The DIM (Discourse Integrity Map) was envisaged as a follow-up to that project - an attempt to do what the dissertation had shown was worth doing, but with a classifier that could actually be trusted. The animating idea was a kind of "pulse-taking" of contemporary public discourse: a system capable of designating, for any given debate, whether its character was primarily dialectic or eristic - terms borrowed from Aristotle, who distinguished between argument conducted in pursuit of truth and argument conducted in pursuit of winning. Alongside this quality dimension, the original brief envisaged a visual map in the style of an Overton Window: showing where arguments cluster across the political landscape, how far they travel, and - weighted by reach - which low-quality arguments were achieving the widest audiences.

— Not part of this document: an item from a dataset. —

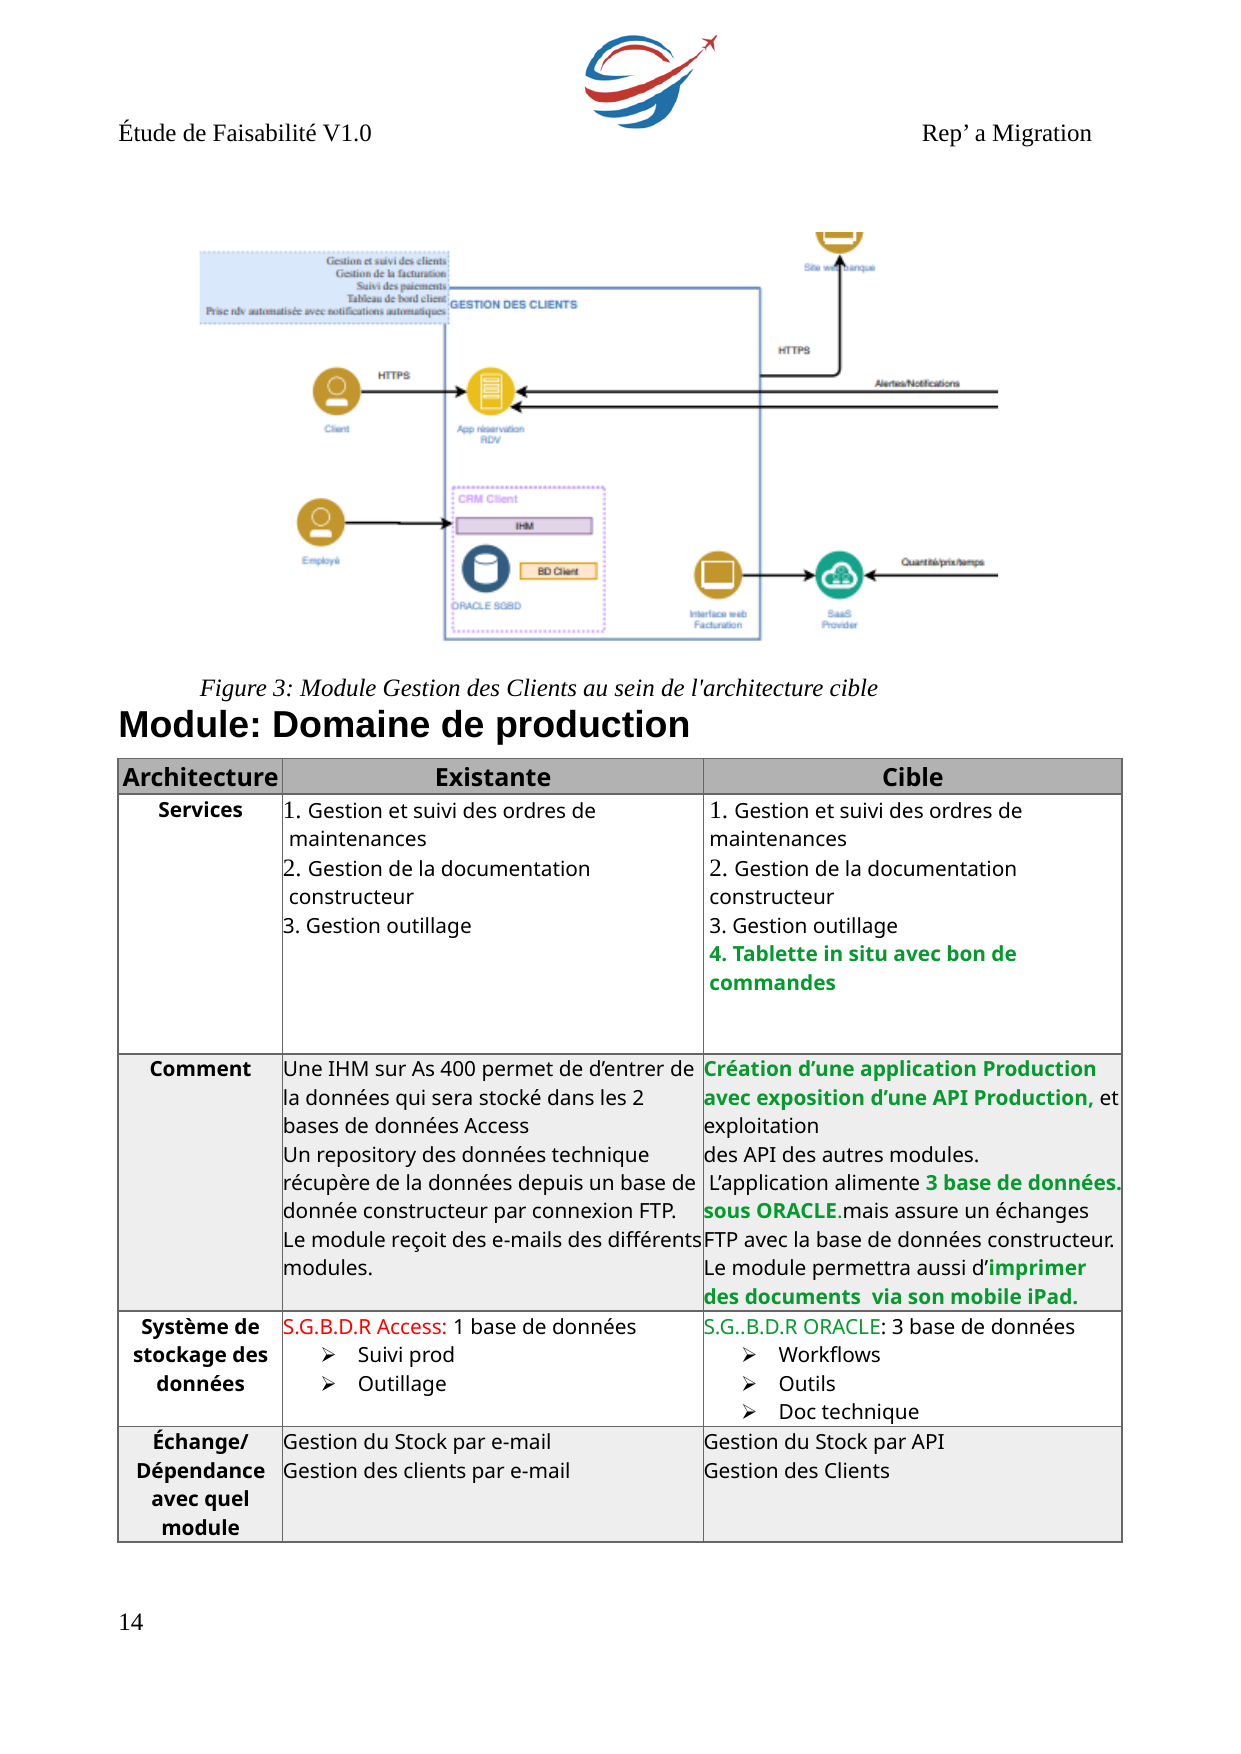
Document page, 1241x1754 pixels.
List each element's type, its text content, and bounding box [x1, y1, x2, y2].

However, after beginning the project, the scope and nature of the project changed in two important ways. First, on topic: given the time and resource constraints of a fellowship application, I focused the MVP on a single issue - the UK and US public debate over wealth taxation, currently a widely and frequently debated issue in public discourse, stemming primarily from the success of economist Gary Stevenson in his aim to encourage discussion and consideration of wealth taxes as a method of reducing inequality in the UK. This decision traded breadth for depth, allowing me to build something analytically rigorous within a defined domain rather than something superficial across many. Second, and more significantly, the unit of analysis shifted. The original design treated the whole intervention - a video, a speech - as the atomic unit, with one quality score per piece of content visualised on a reach/quality scatter plot. What I actually built uses the individual speaker's claim as the unit instead: discrete argumentative moves extracted from transcripts, classified, and then aggregated upward into canonical positions that recur across multiple debates. This is a more granular and analytically richer approach, and it is what made the Agora possible.

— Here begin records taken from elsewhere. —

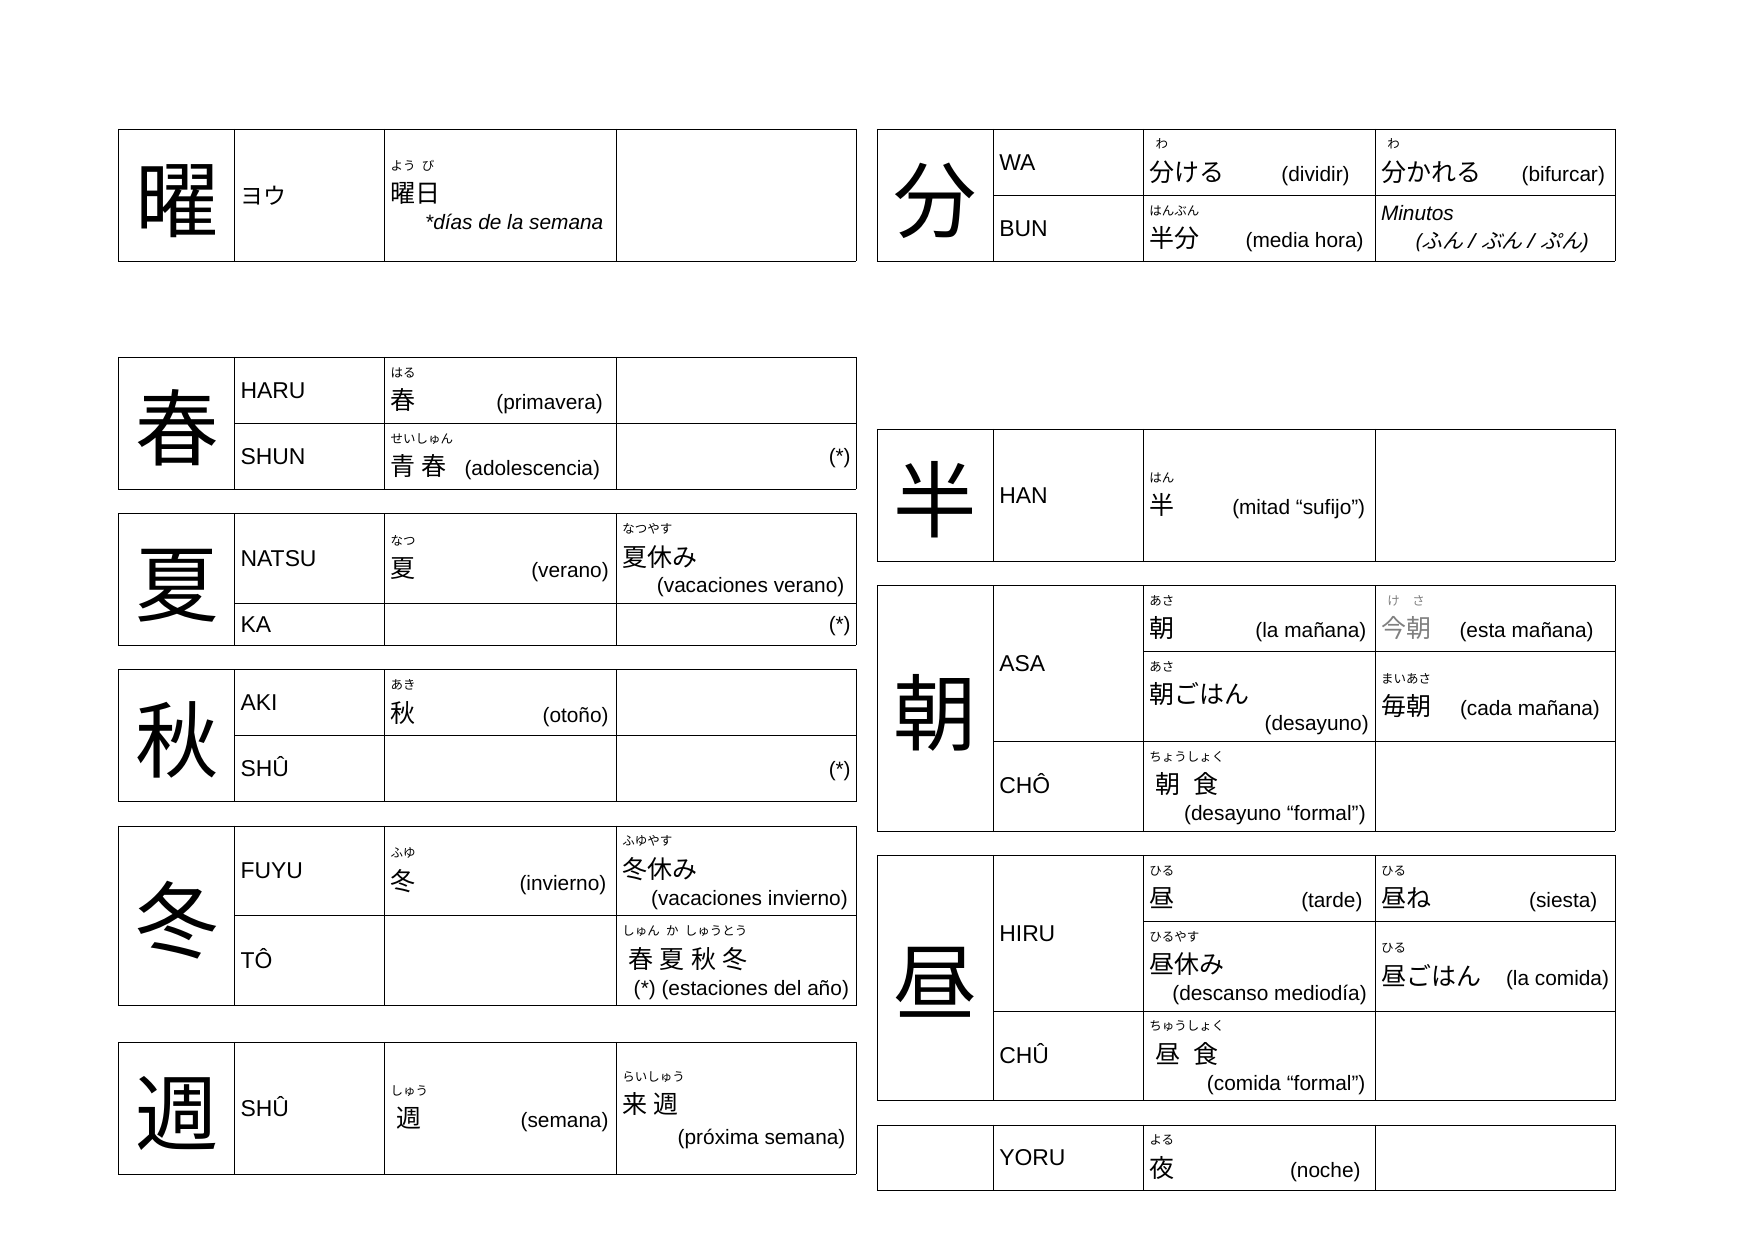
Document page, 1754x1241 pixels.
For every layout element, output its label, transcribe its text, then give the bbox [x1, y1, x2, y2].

table_cell CHÔ [994, 742, 1143, 831]
table_cell SHUN [235, 424, 384, 489]
table_header 秋 [119, 670, 234, 801]
table_header YORU [994, 1126, 1143, 1190]
table_header 夜よる (noche) [1144, 1126, 1375, 1190]
table_header [1376, 430, 1615, 561]
table_header [878, 1126, 993, 1190]
table_cell [1376, 1012, 1615, 1100]
table_cell 朝ちょう食しょく (desayuno “formal”) [1144, 742, 1375, 831]
table_header 夏なつ (verano) [385, 514, 616, 603]
table_cell (*) [617, 736, 856, 801]
table_header FUYU [235, 827, 384, 915]
table_cell KA [235, 604, 384, 645]
table_header 春 [119, 358, 234, 489]
table_cell BUN [994, 196, 1143, 261]
table_cell 春しゅん夏か秋しゅう冬とう (*) (estaciones del año) [617, 916, 856, 1005]
table_cell 毎まい朝あさ (cada mañana) [1376, 652, 1615, 741]
table_header [617, 670, 856, 735]
table_header WA [994, 130, 1143, 194]
table_cell 昼ちゅう食しょく (comida “formal”) [1144, 1012, 1375, 1100]
table_header 分わける (dividir) [1144, 130, 1375, 194]
table_cell 半はん分ぶん (media hora) [1144, 196, 1375, 261]
table_cell 昼ひるごはん (la comida) [1376, 922, 1615, 1011]
table_header [1376, 1126, 1615, 1190]
table_header 曜 [119, 130, 234, 261]
table_cell Minutos (ふん / ぶん / ぷん) [1376, 196, 1615, 261]
table_header 来らい週しゅう (próxima semana) [617, 1043, 856, 1174]
table_cell [385, 736, 616, 801]
table_header 昼ひるね (siesta) [1376, 856, 1615, 921]
table_cell 朝あさごはん (desayuno) [1144, 652, 1375, 741]
table_header HARU [235, 358, 384, 423]
table_header [617, 130, 856, 261]
table_cell [385, 604, 616, 645]
table_header [617, 358, 856, 423]
table_cell 昼ひる休やすみ (descanso mediodía) [1144, 922, 1375, 1011]
table_header 昼ひる (tarde) [1144, 856, 1375, 921]
table_cell [385, 916, 616, 1005]
table_cell SHÛ [235, 736, 384, 801]
table_header 半はん (mitad “sufijo”) [1144, 430, 1375, 561]
table_cell [1376, 742, 1615, 831]
table_header 春はる (primavera) [385, 358, 616, 423]
table_cell (*) [617, 424, 856, 489]
table_header ASA [994, 586, 1143, 741]
table_cell (*) [617, 604, 856, 645]
table_header HAN [994, 430, 1143, 561]
table_header 週しゅう (semana) [385, 1043, 616, 1174]
table_header 半 [878, 430, 993, 561]
table_header AKI [235, 670, 384, 735]
table_header 冬ふゆ (invierno) [385, 827, 616, 915]
table_header 秋あき (otoño) [385, 670, 616, 735]
table_header 朝あさ (la mañana) [1144, 586, 1375, 651]
table_header 冬 [119, 827, 234, 1005]
table_header 昼 [878, 856, 993, 1100]
table_header 分 [878, 130, 993, 261]
table_header 週 [119, 1043, 234, 1174]
table_header 今け朝さ (esta mañana) [1376, 586, 1615, 651]
table_cell 青せい春しゅん (adolescencia) [385, 424, 616, 489]
table_header 冬ふゆ休やすみ (vacaciones invierno) [617, 827, 856, 915]
table_header 曜よう日び *días de la semana [385, 130, 616, 261]
table_cell CHÛ [994, 1012, 1143, 1100]
table_cell TÔ [235, 916, 384, 1005]
table_header 朝 [878, 586, 993, 831]
table_header 分わかれる (bifurcar) [1376, 130, 1615, 194]
table_header ヨウ [235, 130, 384, 261]
table_header 夏 [119, 514, 234, 645]
table_header HIRU [994, 856, 1143, 1011]
table_header 夏なつ休やすみ (vacaciones verano) [617, 514, 856, 603]
table_header SHÛ [235, 1043, 384, 1174]
table_header NATSU [235, 514, 384, 603]

The research question the project settled on was: can you identify common ground and point to the nature of disagreement outside of rhetoric, by mapping a debate space and aggregating speaker claims into canonical positions? The theoretical grounding for this draws on the eristic/dialectic distinction and its modern formalisation in pragma-dialectics (van Eemeren and Grootendorst), which operationalises good-faith argument as ten rules for critical discussion whose violations correspond to named fallacies. Pragma-dialectics represents a direction for deeper engagement with more time rather than a framework applied in full here. What DIM does in this version is different in scope but equally distinct from a fact-checker or bias rater: it does not ask whether a claim is true, but maps what is being argued, how often, and where positions converge and diverge - treating the structure of the debate as the object of analysis rather than the truth value of any individual claim within it.

What Was Built

In brief

A 5-stage LLM pipeline: ingest transcripts, extract claims, aggregate canonical positions, classify rhetorical techniques, assemble discourse profile.
456 claims extracted across 17 debates; aggregated into 37 canonical argument positions split pro, anti, and shared ground.
390 rhetorical technique detections produced by classifying speaker turns against a curated fallacy taxonomy.
Deployed as a static site on GitHub Pages - no backend, all data pre-built into JSON files.

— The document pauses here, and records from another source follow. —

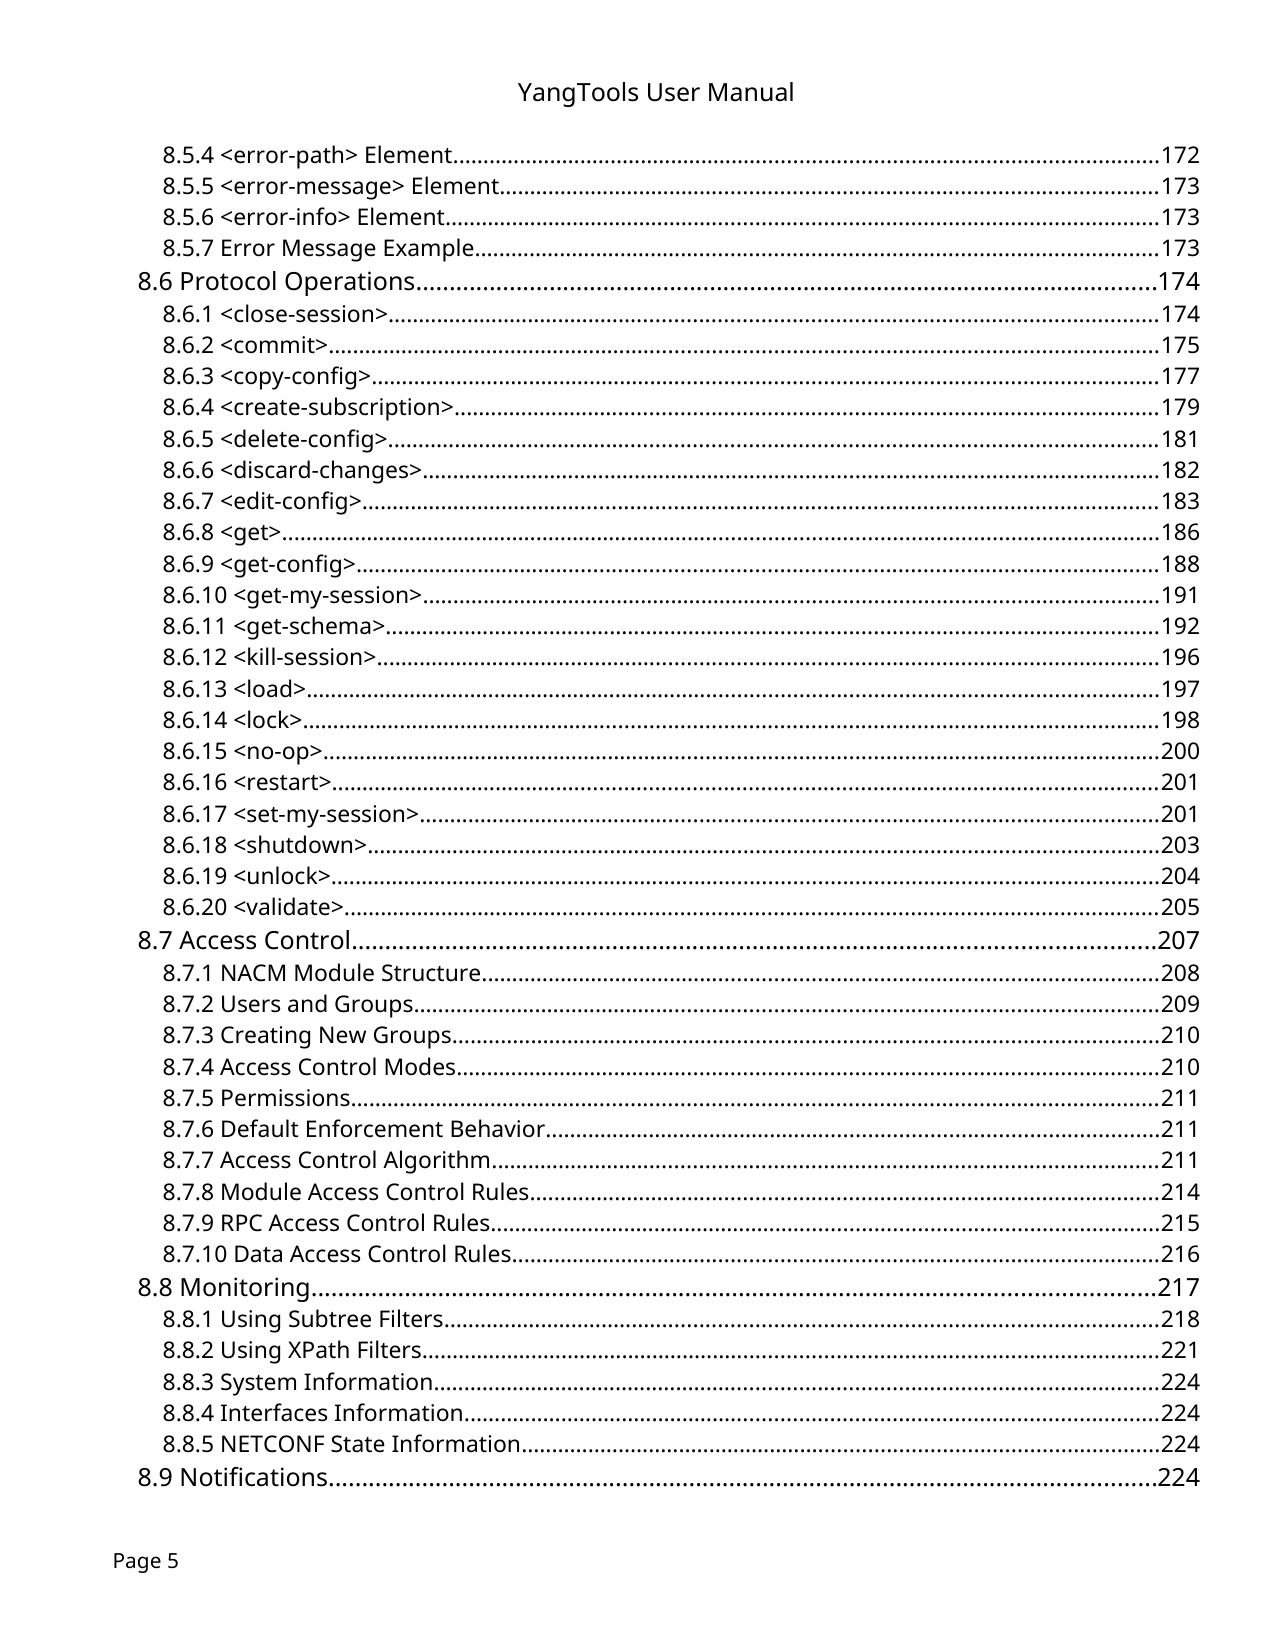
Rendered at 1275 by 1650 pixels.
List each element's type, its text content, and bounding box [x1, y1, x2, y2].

text 8.6.18 <shutdown> 203 [162, 829, 1200, 860]
text 8.8 Monitoring 217 [137, 1269, 1200, 1303]
text 8.6.15 <no-op> 200 [162, 735, 1200, 766]
text 8.7.7 Access Control Algorithm 211 [162, 1144, 1200, 1175]
text 8.6 Protocol Operations 174 [137, 263, 1200, 298]
text 8.5.4 <error-path> Element 172 [162, 138, 1200, 170]
text 8.6.12 <kill-session> 196 [162, 641, 1200, 673]
text 8.8.5 NETCONF State Information 224 [162, 1428, 1200, 1459]
text 8.6.6 <discard-changes> 182 [162, 454, 1200, 485]
text 8.6.4 <create-subscription> 179 [162, 391, 1200, 423]
text 8.6.14 <lock> 198 [162, 704, 1200, 735]
text 8.7.1 NACM Module Structure 208 [162, 957, 1200, 988]
text 8.6.11 <get-schema> 192 [162, 610, 1200, 641]
text 8.7.8 Module Access Control Rules 214 [162, 1175, 1200, 1207]
text 8.6.20 <validate> 205 [162, 891, 1200, 923]
text 8.6.5 <delete-config> 181 [162, 423, 1200, 454]
text 8.6.8 <get> 186 [162, 516, 1200, 548]
text 8.6.2 <commit> 175 [162, 329, 1200, 360]
text 8.6.1 <close-session> 174 [162, 298, 1200, 329]
text 8.9 Notifications 224 [137, 1459, 1200, 1493]
text 8.6.19 <unlock> 204 [162, 860, 1200, 891]
text 8.7.6 Default Enforcement Behavior 211 [162, 1113, 1200, 1144]
text 8.7.5 Permissions 211 [162, 1082, 1200, 1113]
text 8.5.7 Error Message Example 173 [162, 232, 1200, 263]
text 8.6.13 <load> 197 [162, 673, 1200, 704]
text 8.6.16 <restart> 201 [162, 766, 1200, 798]
text 8.7 Access Control 207 [137, 923, 1200, 957]
text 8.5.5 <error-message> Element 173 [162, 170, 1200, 201]
text 8.6.7 <edit-config> 183 [162, 485, 1200, 516]
text 8.8.4 Interfaces Information 224 [162, 1397, 1200, 1428]
text 8.7.9 RPC Access Control Rules 215 [162, 1207, 1200, 1238]
text 8.6.17 <set-my-session> 201 [162, 798, 1200, 829]
text 8.7.3 Creating New Groups 210 [162, 1019, 1200, 1050]
text 8.7.10 Data Access Control Rules 216 [162, 1238, 1200, 1269]
text 8.8.1 Using Subtree Filters 218 [162, 1303, 1200, 1334]
text 8.6.9 <get-config> 188 [162, 548, 1200, 579]
text 8.8.2 Using XPath Filters 221 [162, 1334, 1200, 1366]
text 8.6.3 <copy-config> 177 [162, 360, 1200, 391]
text 8.6.10 <get-my-session> 191 [162, 579, 1200, 610]
text 8.5.6 <error-info> Element 173 [162, 201, 1200, 232]
text 8.8.3 System Information 224 [162, 1366, 1200, 1397]
text 8.7.4 Access Control Modes 210 [162, 1050, 1200, 1082]
text 8.7.2 Users and Groups 209 [162, 988, 1200, 1019]

17 debates processed through the full pipeline

456 individual claims extracted

37 canonical argument positions aggregated

5 stasis types: fact, definition, value, policy, procedure

Stage 1 detect_units - segment transcript into argumentative units

Stage 2 skeletonize - extract claims, warrants, stasis points per unit

Stage 3 merge_discourse - merge into one unified discourse skeleton

Stage 4 classify_units - detect rhetorical / fallacious techniques

Stage 5 assemble_profile - aggregate detections into discourse profile

The pipeline has five stages. First, YouTube transcripts for 17 wealth-tax debates and monologues were ingested, diarised into speaker turns, and loaded into a SQLite database. Second, each debate was tagged with a discourse mode - monologic, dialogic, or multi-party - because certain fallacies are only structurally possible in interactive formats and should not be applied to a single speaker talking to camera. Third, speaker turns were processed by a large language model (Claude) to extract individual claims, each tagged with a stasis type (fact, definition, value, policy, or procedure) - stasis being the central point of contention in a debate, from the Greek "a standing still" - a debate stance, and a geographic context (UK or US). 456 individual claims were extracted across the 17 debates.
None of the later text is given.